Its business as usual where Group II and Group III grades are concerned. These oils appear to be maintaining their price levels and have not been forced downwards to the same extent as Group I material. This is partly due to the smaller quantities being sold in the market, and of course the way in which these volumes are sold. The majority of sales of Group II and Group III material are promoted under contract, or longer term arrangement, rather than the spot sales and purchases associated with Group I production.

Interestingly, some producers and traders are seeing a number of enquiries from far flung locations from buyers who have witnessed, and who wish to benefit from the downturn in Group I pricing in Europe. Many of these buyers are looking to import relatively small quantities of poorer quality base oils in flexi-containers, where liner freight levels allow this form of delivery to compete with seaborne cargoes. Areas such as Southwest Africa, East Africa, and even Australia are looking to ride on the back of the current low European prices, and are actively engaged in setting up new supply points for their domestic blending.

The pricing for this method of supply can, in many cases, be more efficient than talking cargo-size parcels and using a break-bulk operation to supply many smaller receivers. For example, European Group I solvent neutrals can be delivered CIF to the locations above at prices in the range of $550 to $650/t. This is a more economic option than having to purchase local supplies of Group I or Group II/III material whose prices can be in excess of $700/t delivered.

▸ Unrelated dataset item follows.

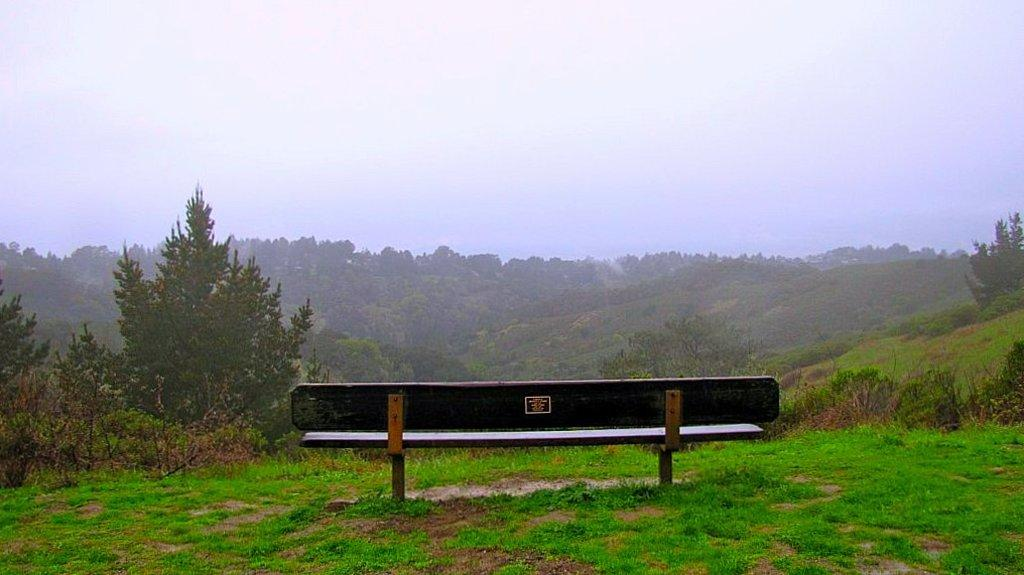What type of seating is present in the image? There is a bench in the image. What is on the ground beneath the bench? There is grass on the ground in the image. What can be seen in the distance behind the bench? There are trees in the background of the image. What is visible above the trees in the image? The sky is visible in the background of the image. How many copies of the peace symbol can be seen on the bench in the image? There is no peace symbol present on the bench or in the image.

The activity at last weeks I.P. meetings and the ICIS base oil conference in particular may have focused many players minds on the current situation in the region, and may indeed have promoted some of the discussions regarding how fast prices have fallen, and how far these levels still may fall before levelling out or even moving back up. With the sore heads and the bleary eyes forgotten, is there a now a harsh realisation that we have arrived?